From 2021 to 2024, revenue increased substantially (about $291M to $937M). Over the same period, losses narrowed meaningfully by 2024 (net loss around $46M in 2024 versus a much larger loss in 2023), reflecting improving operating efficiency even while continuing to invest in development and sales-related functions.
Key Figures
| Metric | Value | Industry ⓘ |
|---|---|---|
| Date | Feb 08, 2026 | |
| Context | ||
| Sector | Technology | |
| Industry | Software - Application | |
| Market Cap ⓘ | $5.78B | |
| Beta ⓘ | 1.13 | |
| Fundamental | ||
| P/E Ratio ⓘ | N/A | 27.79 |
| Profit Margin ⓘ | -5.70% | 6.02% |
| Revenue Growth ⓘ | 32.20% | 15.80% |
| Debt to Equity ⓘ | 9.93% | 25.15% |
| PEG ⓘ | N/A | |
| Free Cash Flow ⓘ | $179.31M | |
Klaviyo’s market capitalization is about $5.78B. The stock’s beta of about 1.13 suggests price movements that have been somewhat more volatile than the broader market. Profit margin is about -5.7% versus an industry median near +6.0%, meaning the company is still slightly unprofitable on a net basis. At the same time, revenue growth is strong at about 32.2% year over year versus an industry median near 15.8%. Debt-to-equity is about 9.9% versus an industry median near 25.2%, indicating relatively low balance-sheet leverage.

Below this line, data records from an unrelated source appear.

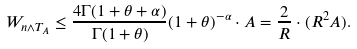<formula> <loc_0><loc_0><loc_500><loc_500>W _ { n \wedge T _ { A } } & \leq \frac { 4 \Gamma ( 1 + \theta + \alpha ) } { \Gamma ( 1 + \theta ) } ( 1 + \theta ) ^ { - \alpha } \cdot A = \frac { 2 } { R } \cdot ( R ^ { 2 } A ) .</formula> 
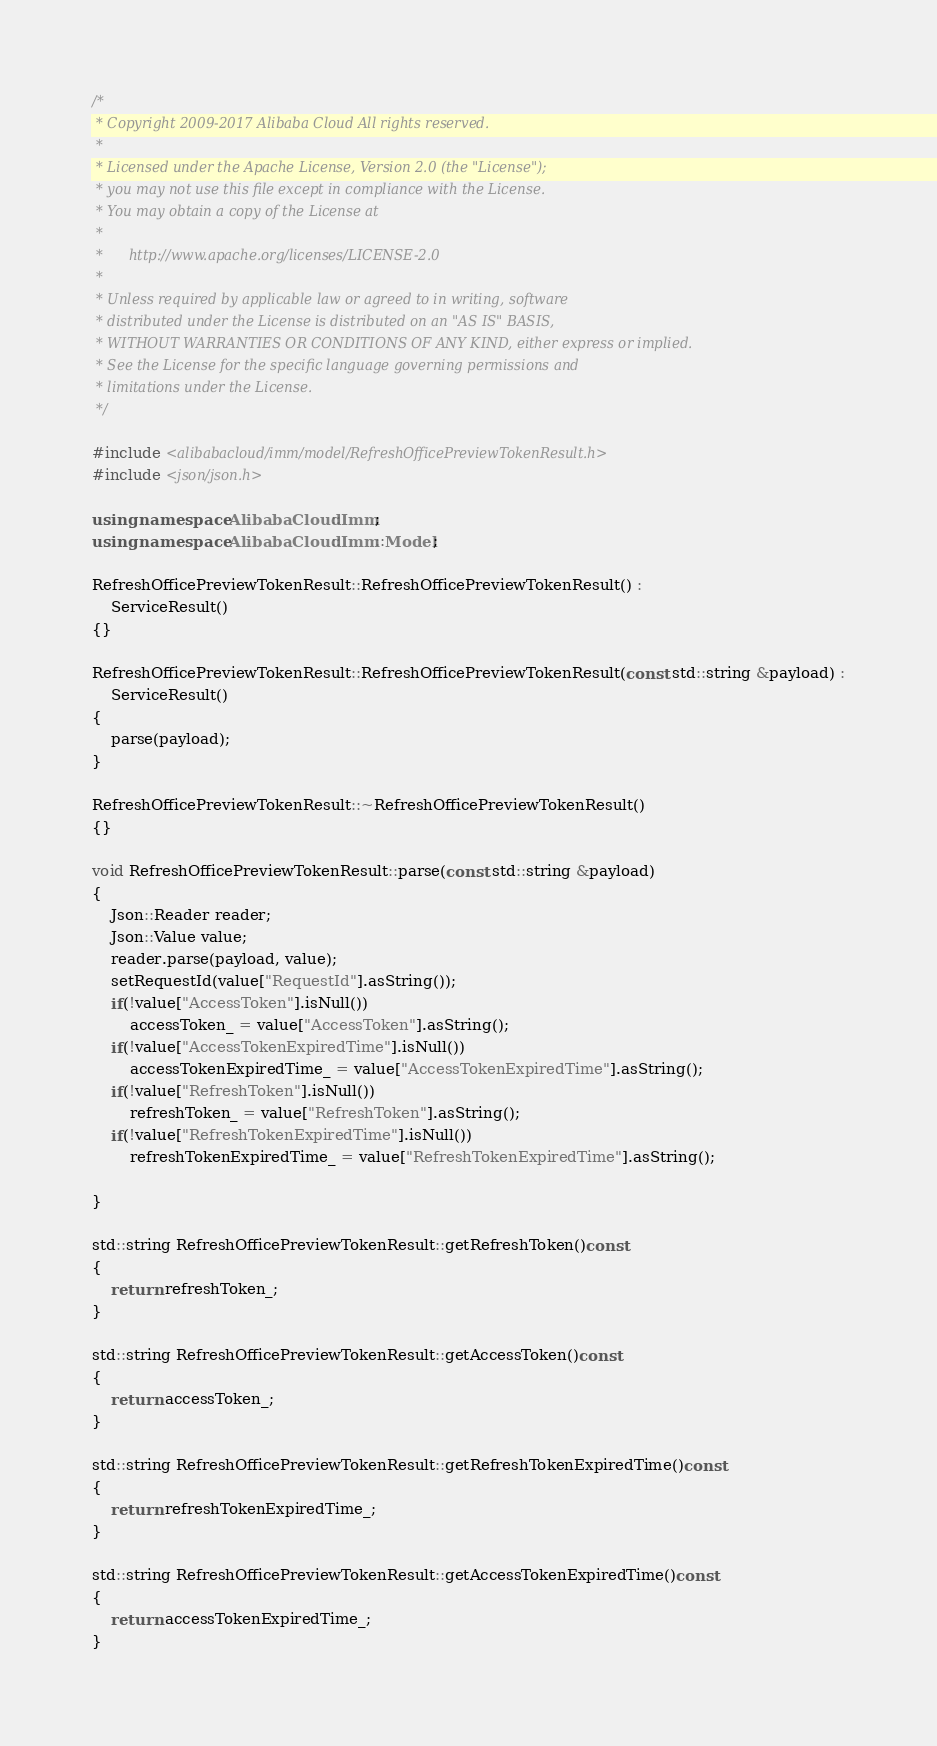Convert code to text. <code><loc_0><loc_0><loc_500><loc_500><_C++_>/*
 * Copyright 2009-2017 Alibaba Cloud All rights reserved.
 * 
 * Licensed under the Apache License, Version 2.0 (the "License");
 * you may not use this file except in compliance with the License.
 * You may obtain a copy of the License at
 * 
 *      http://www.apache.org/licenses/LICENSE-2.0
 * 
 * Unless required by applicable law or agreed to in writing, software
 * distributed under the License is distributed on an "AS IS" BASIS,
 * WITHOUT WARRANTIES OR CONDITIONS OF ANY KIND, either express or implied.
 * See the License for the specific language governing permissions and
 * limitations under the License.
 */

#include <alibabacloud/imm/model/RefreshOfficePreviewTokenResult.h>
#include <json/json.h>

using namespace AlibabaCloud::Imm;
using namespace AlibabaCloud::Imm::Model;

RefreshOfficePreviewTokenResult::RefreshOfficePreviewTokenResult() :
	ServiceResult()
{}

RefreshOfficePreviewTokenResult::RefreshOfficePreviewTokenResult(const std::string &payload) :
	ServiceResult()
{
	parse(payload);
}

RefreshOfficePreviewTokenResult::~RefreshOfficePreviewTokenResult()
{}

void RefreshOfficePreviewTokenResult::parse(const std::string &payload)
{
	Json::Reader reader;
	Json::Value value;
	reader.parse(payload, value);
	setRequestId(value["RequestId"].asString());
	if(!value["AccessToken"].isNull())
		accessToken_ = value["AccessToken"].asString();
	if(!value["AccessTokenExpiredTime"].isNull())
		accessTokenExpiredTime_ = value["AccessTokenExpiredTime"].asString();
	if(!value["RefreshToken"].isNull())
		refreshToken_ = value["RefreshToken"].asString();
	if(!value["RefreshTokenExpiredTime"].isNull())
		refreshTokenExpiredTime_ = value["RefreshTokenExpiredTime"].asString();

}

std::string RefreshOfficePreviewTokenResult::getRefreshToken()const
{
	return refreshToken_;
}

std::string RefreshOfficePreviewTokenResult::getAccessToken()const
{
	return accessToken_;
}

std::string RefreshOfficePreviewTokenResult::getRefreshTokenExpiredTime()const
{
	return refreshTokenExpiredTime_;
}

std::string RefreshOfficePreviewTokenResult::getAccessTokenExpiredTime()const
{
	return accessTokenExpiredTime_;
}

</code>

Trailing twelve-month free cash flow is about $179M, showing the business has been generating cash even while reporting a small net loss.
Growth (Medium)
Klaviyo operates in the broader marketing automation and customer engagement software space, which is supported by long-term trends such as continued e-commerce activity, the shift from traditional advertising toward owned channels (like email and SMS), and companies’ focus on measurable customer retention and lifetime value. These trends generally favor platforms that help brands personalize communication and automate campaigns efficiently.
Klaviyo’s strategy centers on being a system of record for customer engagement data and turning that data into targeted messaging. This approach can scale with customers: as a brand grows its audience and sends more communications, platform usage can rise. In addition, the platform’s value tends to increase when it is deeply connected to a company’s storefront and customer database, because those integrations make automated marketing easier to run day-to-day.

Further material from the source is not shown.